Input records:
>>>>>

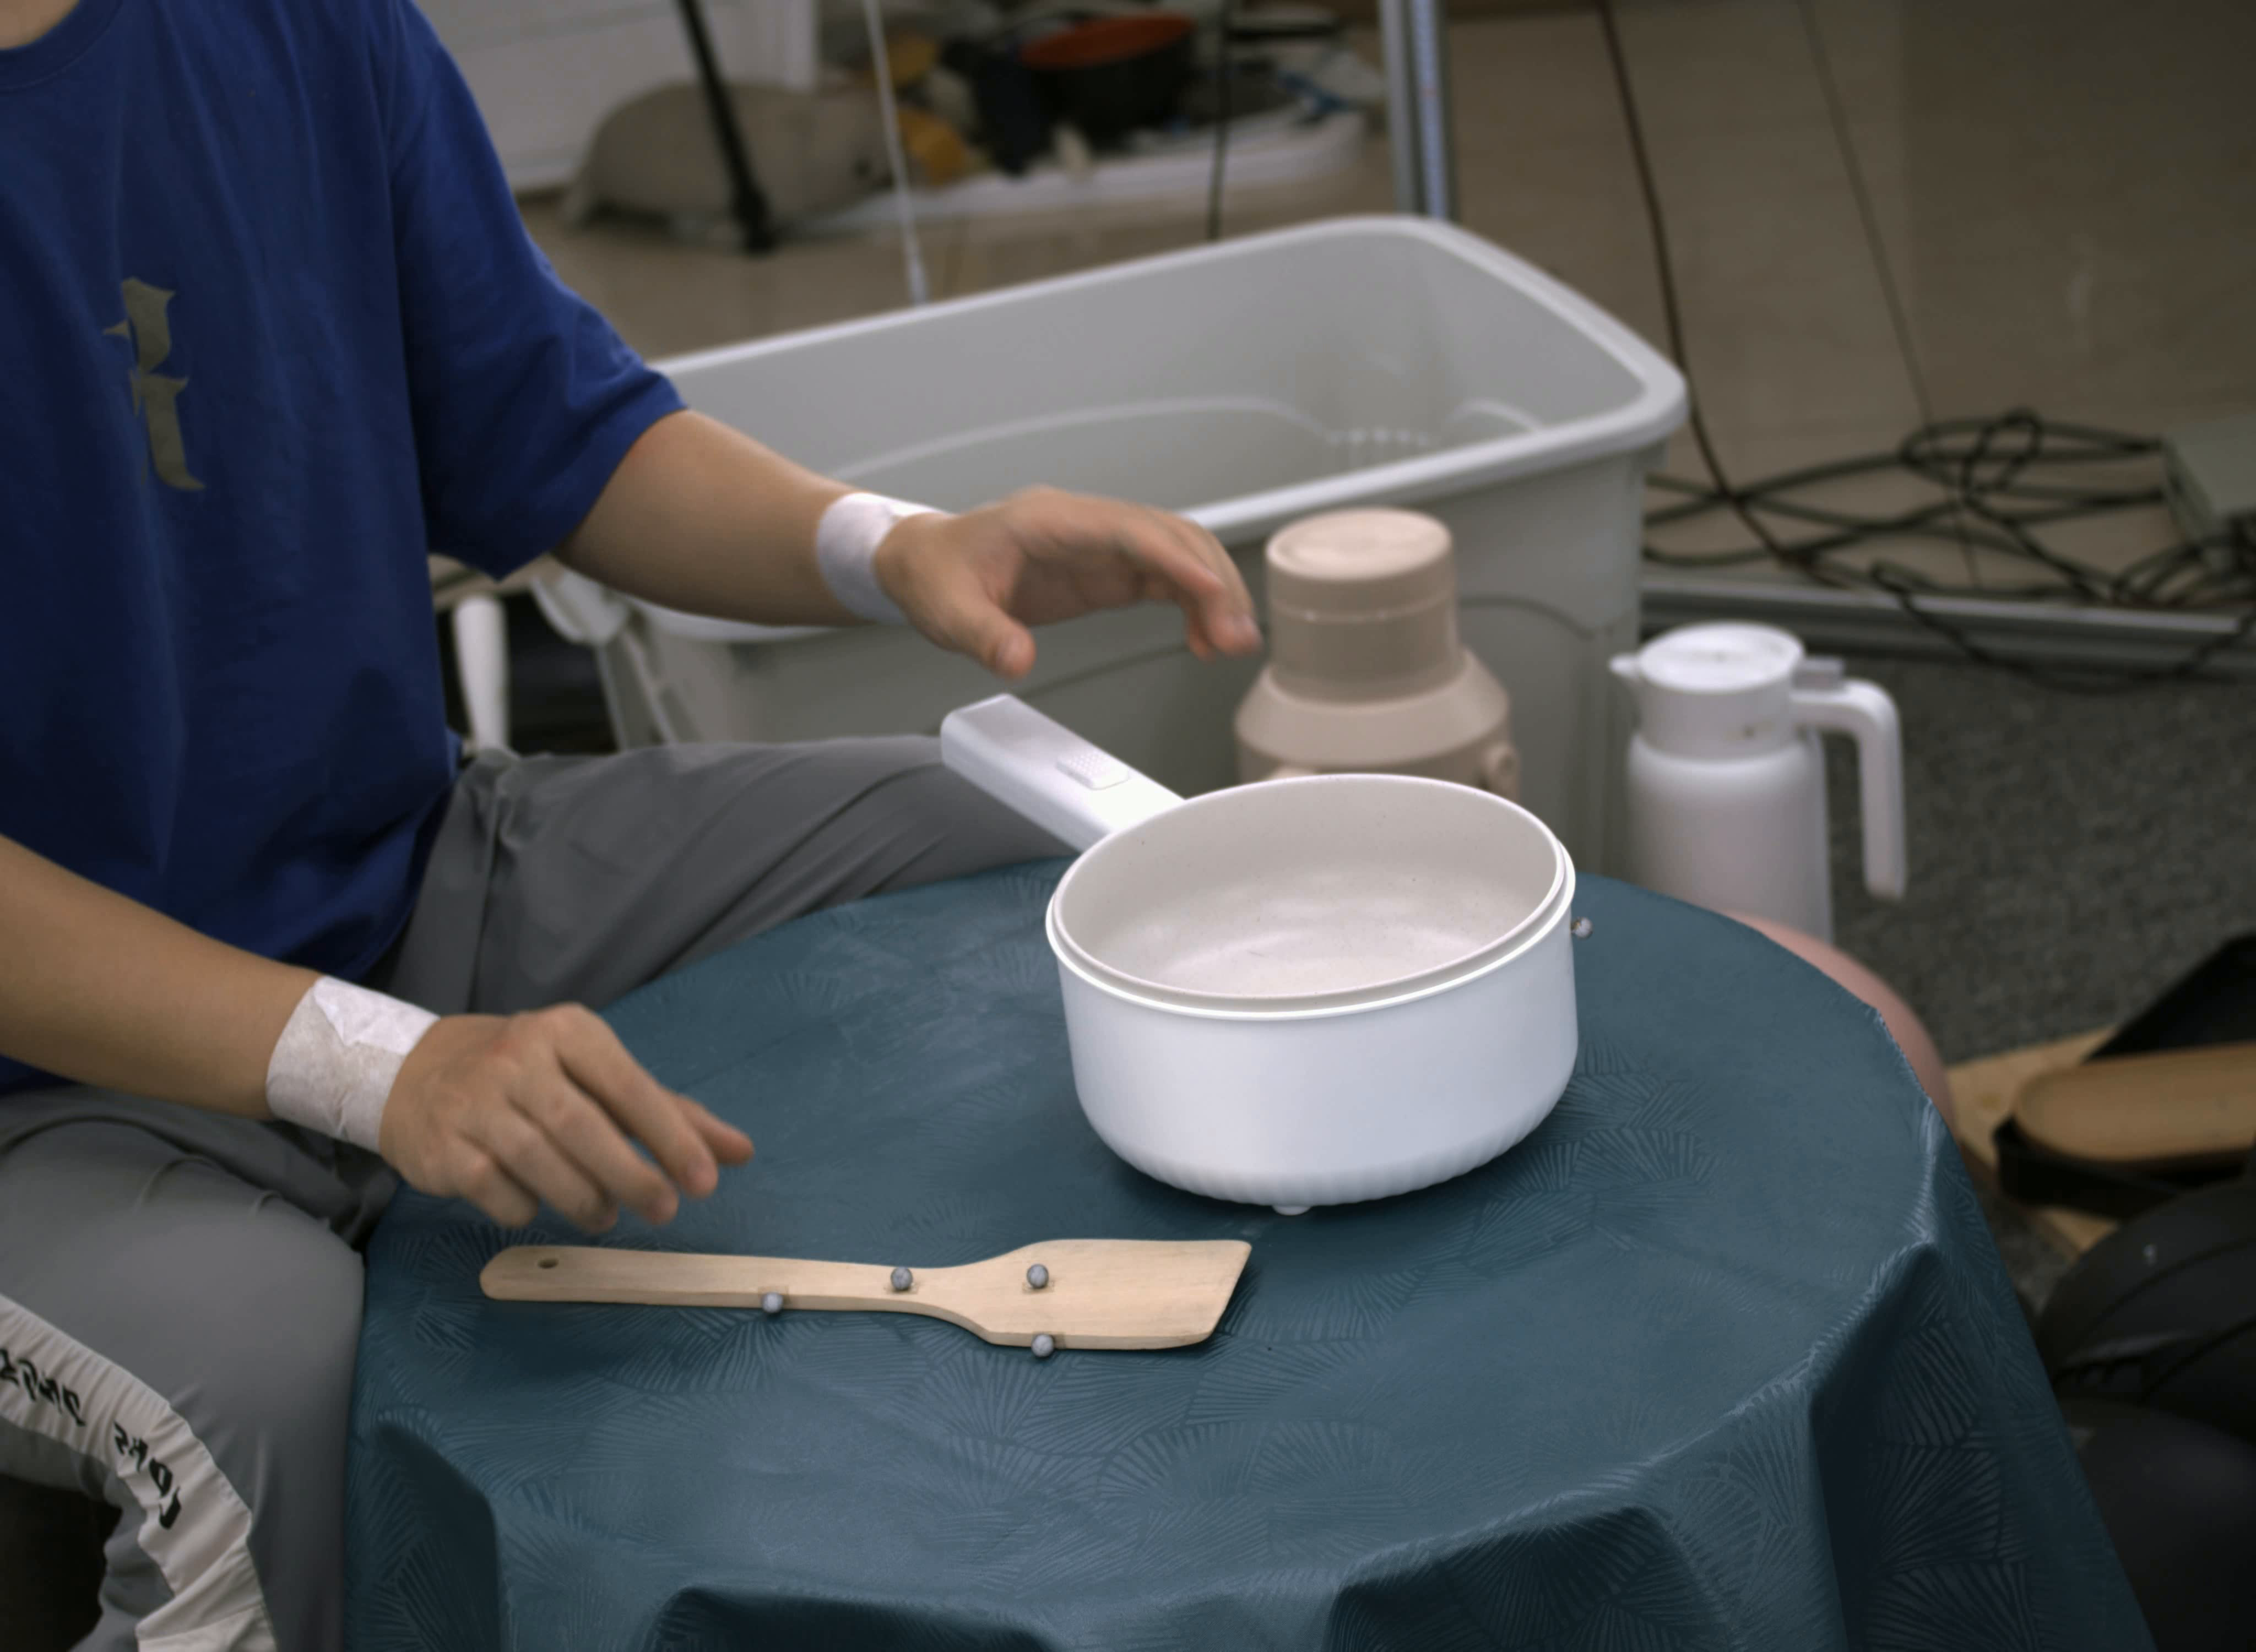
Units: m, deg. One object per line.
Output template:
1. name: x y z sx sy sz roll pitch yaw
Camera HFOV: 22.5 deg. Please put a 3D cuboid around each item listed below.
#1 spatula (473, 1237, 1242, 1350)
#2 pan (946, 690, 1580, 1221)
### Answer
1. spatula: -0.105 0.169 2.098 0.292 0.011 0.071 1 27 15
2. pan: 0.034 0.044 2.226 0.200 0.104 0.351 -22 29 -25
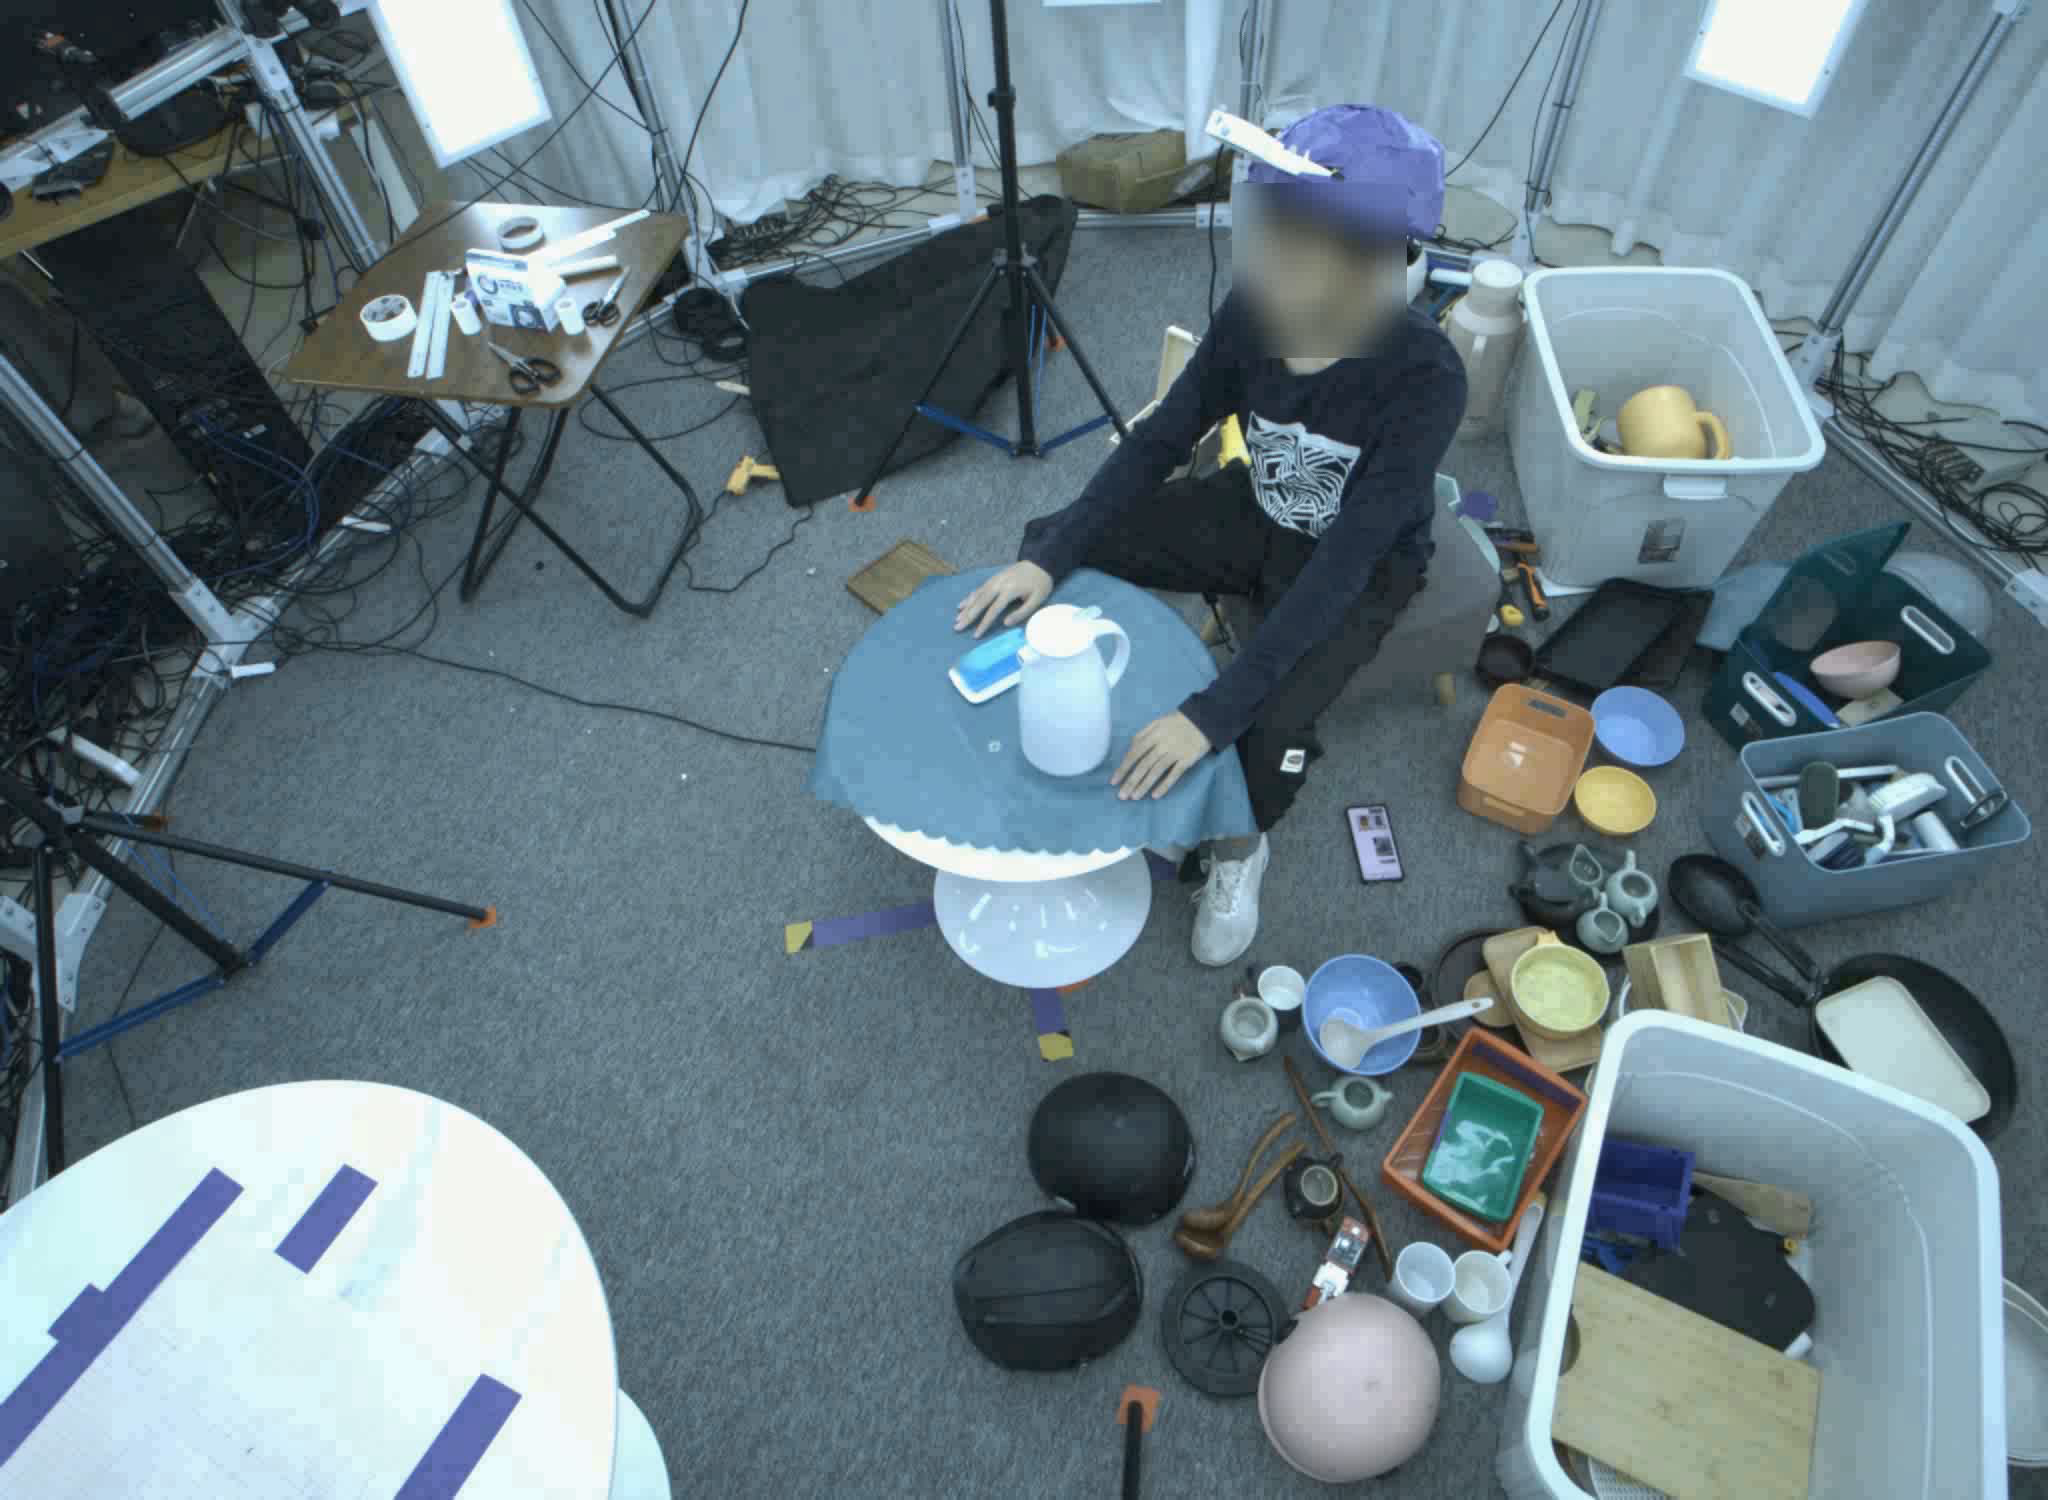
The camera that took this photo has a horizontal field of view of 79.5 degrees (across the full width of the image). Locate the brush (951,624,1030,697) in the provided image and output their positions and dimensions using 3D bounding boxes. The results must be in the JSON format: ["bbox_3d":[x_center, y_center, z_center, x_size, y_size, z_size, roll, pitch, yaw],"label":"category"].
[{"bbox_3d":[-0.036,-0.143,1.846,0.145,0.056,0.082,-29,61,-15],"label":"brush"}]

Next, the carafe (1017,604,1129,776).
[{"bbox_3d":[0.069,-0.097,1.693,0.169,0.251,0.130,-29,57,-17],"label":"carafe"}]

<<<<<

Task details: Repeat the listing exactly; do not print any picture.

Task output:
Units: m, deg. One object per line.
Output template:
1. name: x y z sx sy sz roll pitch yaw
Camera HFOV: 22.5 deg. Please put a 3D cuboid around each item listed below.
#1 spatula (473, 1237, 1242, 1350)
#2 pan (946, 690, 1580, 1221)
### Answer
1. spatula: -0.105 0.169 2.098 0.292 0.011 0.071 1 27 15
2. pan: 0.034 0.044 2.226 0.200 0.104 0.351 -22 29 -25
The camera that took this photo has a horizontal field of view of 79.5 degrees (across the full width of the image). Locate the brush (951,624,1030,697) in the provided image and output their positions and dimensions using 3D bounding boxes. The results must be in the JSON format: ["bbox_3d":[x_center, y_center, z_center, x_size, y_size, z_size, roll, pitch, yaw],"label":"category"].
[{"bbox_3d":[-0.036,-0.143,1.846,0.145,0.056,0.082,-29,61,-15],"label":"brush"}]

Next, the carafe (1017,604,1129,776).
[{"bbox_3d":[0.069,-0.097,1.693,0.169,0.251,0.130,-29,57,-17],"label":"carafe"}]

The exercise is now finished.